During the period when piston engines powered aircraft, Rolls Royce Derby developed the water cooled in-line engines, like the famous Merlin that powered Spitfires and Lancasters. However Bristol developed radial air cooled engines, mostly successors to the Jupiter engine, one of the most successful aircraft engines between the wars. The Hercules, its successor powered many Second World War British military aircraft, including the Bristol Beaufighter.
Bristol were slow to start developing jet engines, but by the time of their merger with Armstrong Siddeley to form Bristol Siddeley in 1950, had prototypes flying. The topic of whether the joining of Rolls Royce and Bristol Siddeley in 1966 was a merger or take-over was briefly mentioned, the lecturer favouring a take-over.
Although the RB211 jet engine was mainly a Rolls Royce Derby design, the Olympus engine was predominantly a Bristol design. It famously powered the Vulcan and was the core of the Concorde engine.
This was a meeting enjoyed by both historians and scientists.
Report by Lynton Mogridge
A Cotswold Garland – Martin Graebe
In the final talk of the 2017-18 season, Martin Graebe, an authority on the West Country folk song collector Rev Sabine Baring-Gould, charmed his audience with songs collected within a ten-mile radius of Cirencester, and with stories of the people who documented and preserved musical, dance and other traditions in the area.
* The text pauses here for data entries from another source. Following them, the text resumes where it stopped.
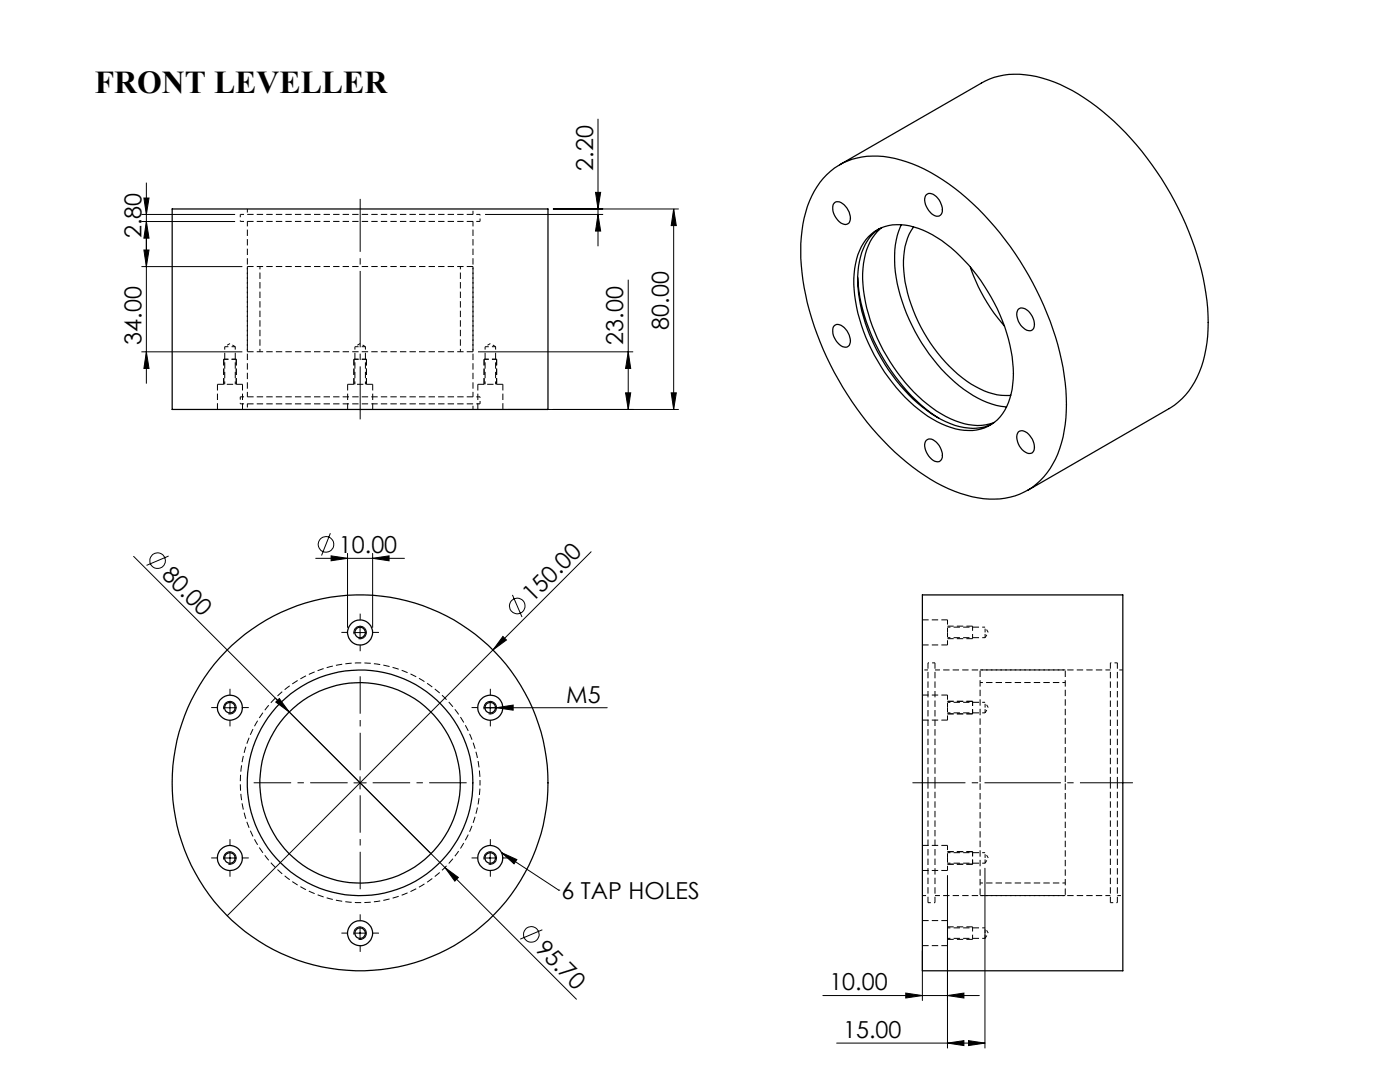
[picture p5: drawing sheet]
<svg xmlns="http://www.w3.org/2000/svg" width="279mm" height="216mm" viewBox="0 0 279 216" stroke-linecap="round" stroke-linejoin="round" font-family="sans-serif">
<defs><g id="words">
<text font-size="6.3" x="18.9" y="18.6">FRONT LEVELLER</text>
<g font-size="4.7">
<text x="118.4" y="34" transform="rotate(-90 118.4 34)">2.20</text>
<text x="28.2" y="47.6" transform="rotate(-90 28.2 47.6)">2.80</text>
<text x="133.5" y="65.8" transform="rotate(-90 133.5 65.8)">80.00</text>
<text x="28.2" y="68.7" transform="rotate(-90 28.2 68.7)">34.00</text>
<text x="124.4" y="68.7" transform="rotate(-90 124.4 68.7)">23.00</text>
<text x="67.6" y="110.3">10.00</text>
<text x="32.1" y="114.9" transform="rotate(45 32.1 114.9)">80.00</text>
<text x="106.3" y="120.3" transform="rotate(-45 106.3 120.3)">150.00</text>
<text x="113" y="140.2">M5</text>
<text x="112.1" y="179.4">6 TAP HOLES</text>
<text x="106.7" y="189.5" transform="rotate(45 106.7 189.5)">95.70</text>
<text x="165.5" y="197.6">10.00</text>
<text x="168.3" y="207.1">15.00</text>
</g>
</g></defs>
<g fill="none" stroke="#000" stroke-width=".2" stroke-dasharray="1.3 .6" stroke-dashoffset=".7" stroke-linecap="butt">
<path d="M48 42.8v1.4M49.4 53.2v17M51.9 53.2v17M95.8 44.2v-1.4M44.8 69.2v7.5M46.9 76.7v-7.5M48 79.2v1.4M70.8 69.2v7.5M72.9 76.7v-7.5M91.9 70.2v-17M94.4 70.2v-17M96.8 69.2v7.5"/>
<path d="M98.9 76.7v-7.5M95.8 80.6v-1.4M186.6 132.3h-1.4M189.1 127.2h7.5M196.6 125.1h-7.5M212.6 133.7h-17M212.6 136.2h-17M223 132.3h-1.4M95.8 156.2a23.9 23.9 0 0 0-35.5-21 23.9 23.9 0 0 0-1.2 41.2 23.9 23.9 0 0 0 36.7-18.8v-1.4M189.1 142.2h7.5M196.6 140.1h-7.5M189.1 172.2h7.5"/>
<path d="M195.6 178.7h17M195.6 176.2h17M196.6 170.1h-7.5M185.2 180.1h1.4M189.1 187.2h7.5M196.6 185.1h-7.5M221.6 180.1h1.4"/>
</g>
<g fill="none" stroke="#000" stroke-width=".25">
<path d="M165 34.9a14.3 14.3 0 0 1 13.6-3.3 36.4 36.4 0 0 1 16.6 10 61.8 61.8 0 0 1 17.2 33.3 29.5 29.5 0 0 1-1.8 16.7 13.7 13.7 0 0 1-15.4 7.7 31.9 31.9 0 0 1-15.5-8.1 61.6 61.6 0 0 1-19.5-35.4 29.9 29.9 0 0 1 1.8-16.7l.5-.9a14 14 0 0 1 2.5-3.3zM167.6 32.9l28.3-16.3a15.1 15.1 0 0 1 12.1-1 36.6 36.6 0 0 1 15.5 9.7 61.3 61.3 0 0 1 17.4 34.7 27.3 27.3 0 0 1-2.5 16.2 13.8 13.8 0 0 1-5.1 5.3l-28.2 16.4M184.9 38.8a1.66 1.66 0 0 1 2.2 .7 3.1 3.1 0 0 1 .7 3.3 1.39 1.39 0 0 1-2.2-.5 2.88 2.88 0 0 1-.7-3.5zM34.4 41.7h75v40h-75zM166.5 40.5l.2-.2a2.14 2.14 0 0 1 2.4 1.3 2.51 2.51 0 0 1 .2 3 1.85 1.85 0 0 1-2.3-1 2.73 2.73 0 0 1-.5-3.1zM171.2 55.4a37.7 37.7 0 0 0 16.2 28.1M173.3 47.2a8.7 8.7 0 0 1 9.1-1.9 26 26 0 0 1 12.5 9.6 33.6 33.6 0 0 1 7.3 20.7 11.6 11.6 0 0 1-3.8 8.7 9.4 9.4 0 0 1-9.5 .7 28.7 28.7 0 0 1-13.1-11.9 32.2 32.2 0 0 1-5.3-18.5 11.9 11.9 0 0 1 2.8-7.4zM175.4 45.6a10.1 10.1 0 0 0-4.1 7.5 30 30 0 0 0 4.6 18.5 29.5 29.5 0 0 0 13.8 12.9 10 10 0 0 0 8.2 .1M176 45.4a10.3 10.3 0 0 0-3.7 7.2 30 30 0 0 0 4.6 18.4 30.6 30.6 0 0 0 12.8 12.6 10.9 10.9 0 0 0 8.7 .7M179.9 44.8a18.9 18.9 0 0 0-.5 13 36.2 36.2 0 0 0 13.9 20.5 15.9 15.9 0 0 0 7.6 2.9M182.3 45.3a13.4 13.4 0 0 0-1.8 9.8 31.9 31.9 0 0 0 13.3 21.5 12.8 12.8 0 0 0 7.9 2.3M193.7 53.3a34.3 34.3 0 0 0 6.7 11.7"/>
<path d="M166.5 65a1.66 1.66 0 0 1 2.3 .7 2.62 2.62 0 0 1 .5 3.4 1.78 1.78 0 0 1-2.3-.9 2.79 2.79 0 0 1-.5-3.2zM203.2 61.7a1.82 1.82 0 0 1 2.6 1.1 2.6 2.6 0 0 1 .2 3l-.2 .2a2.96 2.96 0 0 1-2.8-2.7l-.1-.8zM184.9 87.8l.2-.1a2.05 2.05 0 0 1 2.3 1.2 2.51 2.51 0 0 1 .2 3.1 1.78 1.78 0 0 1-2.3-1 2.79 2.79 0 0 1-.4-3.2zM203.2 86.2a1.67 1.67 0 0 1 2.3 .7 2.74 2.74 0 0 1 .5 3.4 1.91 1.91 0 0 1-2.3-.9 2.96 2.96 0 0 1-.5-3.2zM184.1 118.7h40v75h-40z"/>
<circle cx="71.9" cy="126.2" r="2.51"/>
<circle cx="71.9" cy="126.2" r="1.06"/>
<circle cx="45.9" cy="141.2" r="1.04"/>
<circle cx="45.9" cy="141.2" r="2.49"/>
<circle cx="71.9" cy="156.2" r="22.5"/>
<circle cx="71.9" cy="156.2" r="37.5"/>
<circle cx="71.9" cy="156.2" r="20"/>
<circle cx="97.8" cy="141.2" r="2.49"/>
<circle cx="97.8" cy="141.2" r="1.04"/>
<circle cx="45.9" cy="171.2" r="1.04"/>
<circle cx="45.9" cy="171.2" r="2.49"/>
<circle cx="97.8" cy="171.2" r="2.49"/>
<circle cx="97.8" cy="171.2" r="1.04"/>
<circle cx="71.9" cy="186.2" r="1.06"/>
<circle cx="71.9" cy="186.2" r="2.5"/>
</g>
<g fill="none" stroke="#000" stroke-width=".2" stroke-dasharray="1.3 .6" stroke-dashoffset=".3" stroke-linecap="butt">
<path d="M49.4 44.2v35M47.1 71.7h-2.5M73.1 71.7h-2.5M94.4 79.2v-35M99.1 71.7h-2.5M189.1 126.2v-2.5M189.1 128.7v-2.5M194.1 127.4v-2.5M221.6 133.7h-35M189.1 141.2v-2.5M189.1 143.7v-2.5M194.1 142.4v-2.5"/>
<path d="M186.6 178.7h35M189.1 171.2v-2.5M189.1 173.7v-2.5M194.1 172.4v-2.5M189.1 186.2v-2.5M189.1 188.7v-2.5M194.1 187.4v-2.5"/>
</g>
<g fill="none" stroke="#000" stroke-width=".2" stroke-dasharray="1.3 .6" stroke-dashoffset=".5" stroke-linecap="butt">
<path d="M49.4 41.7v1.1M94.4 42.8v-1.1M95.8 44.2h-47.8M95.8 42.8h-47.8M46.9 69.2h-2.1M72.9 69.2h-2.1M95.8 79.2h-47.8M98.9 69.2h-2.1M49.4 80.6v1.1M94.4 81.7v-1.1M95.8 80.6h-47.8M185.2 133.7h-1.1"/>
<path d="M196.6 126.2v-1.1M196.6 127.2v-1M224.1 133.7h-1.1M196.6 141.2v-1.1M196.6 142.2v-1M184.1 178.7h1.1M196.6 171.2v-1.1M196.6 172.2v-1M223 178.7h1.1M196.6 186.2v-1.1M196.6 187.2v-1"/>
</g>
<path d="M185.2 156.2v-23.9M186.6 156.2v-23.9M221.6 156.2v-23.9M223 156.2v-23.9M185.2 180.1v-23.9M186.6 180.1v-23.9M221.6 180.1v-23.9M223 180.1v-23.9" fill="none" stroke="#000" stroke-width=".2" stroke-dasharray="1.3 .6" stroke-dashoffset=".1" stroke-linecap="butt"/>
<path d="M195.6 156.2v-22.5M212.6 156.2v-22.5M195.6 178.7v-22.5M212.6 178.7v-22.5" fill="none" stroke="#000" stroke-width=".2" stroke-dasharray="1.3 .6" stroke-dashoffset="-.1" stroke-linecap="butt"/>
<g fill="none" stroke="#000" stroke-width=".2" stroke-dasharray="1.3 .6" stroke-linecap="butt">
<path d="M94.4 53.2h-45M43.4 76.7v5M44.6 76.7v-5M47.1 76.7v-5M48.4 76.7h-5M69.4 76.7v5M70.6 76.7v-5M73.1 76.7v-5M74.4 76.7h-5M94.4 70.2h-45M95.4 76.7v5M96.6 76.7v-5"/>
<path d="M99.1 76.7v-5M100.4 76.7h-5M48.4 81.7v-5M74.4 81.7v-5M100.4 81.7v-5M184.1 128.7h5M189.1 138.7h-5M189.1 123.7h-5M189.1 139.9h5M189.1 124.9h5M189.1 127.4h5M184.1 143.7h5"/>
<path d="M189.1 142.4h5M184.1 173.7h5M189.1 168.7h-5M189.1 169.9h5M189.1 172.4h5M184.1 188.7h5M189.1 183.7h-5M189.1 184.9h5M189.1 187.4h5"/>
</g>
<g fill="none" stroke="#000" stroke-width=".2" stroke-dasharray="1.3 .6" stroke-dashoffset=".6" stroke-linecap="butt">
<path d="M45.9 68.6l-1.1 .6M46.9 69.2l-1-.6M71.9 68.6l-1.1 .6M72.9 69.2l-1-.6M97.9 68.6l-1.1 .6M98.9 69.2l-1-.6M196.6 127.2l.6-1M197.2 126.2l-.6-1.1M196.6 142.2l.6-1M197.2 141.2l-.6-1.1M196.6 172.2l.6-1M197.2 171.2l-.6-1.1"/>
<path d="M196.6 187.2l.6-1M197.2 186.2l-.6-1.1"/>
</g>
<g fill="none" stroke="#000" stroke-width=".2">
<path d="M28.7 39.5h1l-.5 3.3zM29.2 36.4v40.2M118.9 38.4h1l-.6 3.3zM119.3 23.7v25.4M28.2 42.8h18.7M28.2 44.2h18.7M28.2 53.2h20.2M28.7 49.9h1l-.5 3.3zM29.2 44.2l.5 3.3h-1zM96.8 42.8h23.6M110.3 41.7h25.2M119.3 42.8l.6 3.3h-1z"/>
<path d="M125.4 55.8v25.9M134.4 41.7l.6 3.3h-1.1zM134.4 41.7v40M28.2 70.2h20.2M29.2 70.2l.5 3.3h-1zM95.4 70.2h31M124.8 78.4h1.1l-.5 3.3zM125.4 70.2l.5 3.3h-1.1zM133.9 78.4h1.1l-.6 3.3zM101.4 81.7h34.1M26.7 111l31 31.1M33.7 110.9l-4.5 1.9"/>
<path d="M63 111.4h17.7M65.9 106.4l-1.7 4.4M66.1 110.9l3.3 .5-3.3 .5zM69.4 110.4v14.8M74.4 111.4l3.2-.5v1zM74.4 110.4v14.8M102.3 118.7l1.9 4.4M118 110.1l-72.7 72.6M45.9 139.9v2.6M54.9 139.3l33.9 33.8M70.6 126.2h2.5M70.7 126.5a1.25 1.25 0 0 1 1.1-1.5 1.25 1.25 0 0 1 1.3 1.3 1.25 1.25 0 0 1-1.6 1.1"/>
<path d="M71.9 125v2.5M97.8 139.9v2.6M100.4 127l.7 .7-2.7 2zM44.6 141.2h2.5M44.7 141.5a1.26 1.26 0 0 1 1.1-1.5 1.26 1.26 0 0 1 1.3 1.3 1.26 1.26 0 0 1-1.6 1.1M55 140.1l.7-.7 2 2.7zM70.6 156.2h2.5M71.9 155v2.4M96.6 141.2h24.6M96.6 141.5a1.26 1.26 0 0 1 1.1-1.5 1.26 1.26 0 0 1 1.4 1.3 1.26 1.26 0 0 1-1.6 1.1M99.1 141.2l3.3-.5v1zM44.6 171.2h2.5"/>
<path d="M44.7 171.5a1.24 1.24 0 0 1 1.1-1.5 1.24 1.24 0 0 1 1.3 1.3 1.24 1.24 0 0 1-1.6 1.1M45.9 170v2.5M88.8 173.1l2.7 2-.7 .7zM88.8 173.1l26.2 26.3M96.6 171.2h2.5M96.6 171.5a1.24 1.24 0 0 1 1.1-1.5 1.24 1.24 0 0 1 1.4 1.3 1.24 1.24 0 0 1-1.6 1.1M97.8 170v2.5M100.1 170.1l3.1 1.4-.6 .9zM100.1 170.1l11.4 7.5M111.5 177.6h.1M189.1 174.7v34.4M196.6 173.2v35.9"/>
<path d="M70.6 186.2h2.5M70.7 186.5a1.24 1.24 0 0 1 1.1-1.5 1.24 1.24 0 0 1 1.3 1.4 1.24 1.24 0 0 1-1.6 1M71.9 185v2.5M108.2 185.5l-4.4 1.9M164.2 198.6h31.2M180.8 198.2l3.3 .4-3.3 .5zM184.1 189.7v9.9M189.1 198.6l3.3-.4v.9zM167 208.1h29.6M189.1 208.1l3.3-.5v1zM193.3 207.6l3.3 .5-3.3 .5z"/>
<circle cx="31.4" cy="111.9" r="1.56"/>
<circle cx="65" cy="108.6" r="1.56"/>
<circle cx="103.2" cy="120.9" r="1.56"/>
<circle cx="106" cy="186.5" r="1.57"/>
</g>
<path d="M71.9 39.7v44M226.1 156.2h-44" fill="none" stroke="#000" stroke-width=".2" stroke-dasharray="15.2 1.3 1.3 1.3" stroke-dashoffset="4.7" stroke-linecap="butt"/>
<path d="M69.4 156.2h-18.8M71.9 153.7v-18.8M71.9 158.7v18.7M74.4 156.2h18.7" fill="none" stroke="#000" stroke-width=".2" stroke-dasharray="15.2 1.3 1.3 1.3" stroke-dashoffset="7.8" stroke-linecap="butt"/>
<g fill="none" stroke="#000" stroke-width=".2" stroke-dasharray="15.2 1.3 1.3 1.3" stroke-linecap="butt">
<path d="M45.9 138.7v-1.3M69.4 126.2h-1.3M71.9 123.7v-1.3M71.9 128.7v1.2M74.4 126.2h1.2M97.9 138.7v-1.3M43.4 141.2h-1.3M45.9 143.7v1.2M48.4 141.2h1.2M95.4 141.2h-1.3M97.9 143.7v1.2M100.4 141.2h1.2"/>
<path d="M43.4 171.2h-1.3M45.9 168.7v-1.3M45.9 173.7v1.2M48.4 171.2h1.2M95.4 171.2h-1.3M97.9 168.7v-1.3M97.9 173.7v1.2M100.4 171.2h1.2M69.4 186.2h-1.3M71.9 183.7v-1.3M71.9 188.7v1.2M74.4 186.2h1.2"/>
</g>
<g fill="#000">
<path d="M100.4 127l.7 .7-2.7 2zM55 140.1l.7-.7 2 2.7zM99.1 141.2l3.3-.5v1zM88.8 173.1l2.7 2-.7 .7z"/>
<path d="M28.7 39.5h1l-.5 3.3zM29.2 44.2l.5 3.3h-1zM28.7 49.9h1l-.5 3.3zM29.2 70.2l.5 3.3h-1zM125.4 70.2l.5 3.3h-1.1zM124.8 78.4h1.1l-.5 3.3zM118.9 38.4h1l-.6 3.3zM119.3 42.8l.6 3.3h-1zM134.4 41.7l.6 3.3h-1.1zM133.9 78.4h1.1l-.6 3.3z"/>
<path d="M66.1 110.9l3.3 .5-3.3 .5zM74.4 111.4l3.2-.5v1z"/>
<path d="M100.1 170.1l3.1 1.4-.6 .9zM180.8 198.2l3.3 .4-3.3 .5zM189.1 198.6l3.3-.4v.9zM189.1 208.1l3.3-.5v1zM193.3 207.6l3.3 .5-3.3 .5z"/>
</g>
<use href="#words"/>
</svg>

Many early twentieth century folk song and dance enthusiasts were members of the middle classes who learnt and in some cases revived, the traditions of working class people.
Thanks to the efforts of women such as Mrs Bruce Swanwick of Coates (Commandant of the VAD hospital at the Bingham Hall during WW1), Cirencester was the first town to start a branch of the English Folk Dance Society. Mrs Swanwick helped to form a Morris dancing team in Coates, and her friend, the well-known folk song collector Cecil Sharp, noted down details of the local mumming play, together with several songs and dance tunes, from Daglingworth postman Charles Smith.
However not all collectors were from the privileged classes. Alfred Williams of South Marston, who was born and died in poverty, cycled 13,000 miles to collect the words of over 500 traditional songs from the Upper Thames valley (not musically trained, he couldn’t take down the tunes).
American collector J M Carpenter noted down wassail customs, mummers’ plays and ballads and had the advantage of a motor car, in which he sometimes slept!
In earlier times Cirencester had printers, such as William Clift, whose printed ballads (often with inappropriate illustrations) would later enter the repertoires of the local singers, to be collected by Sharp and others.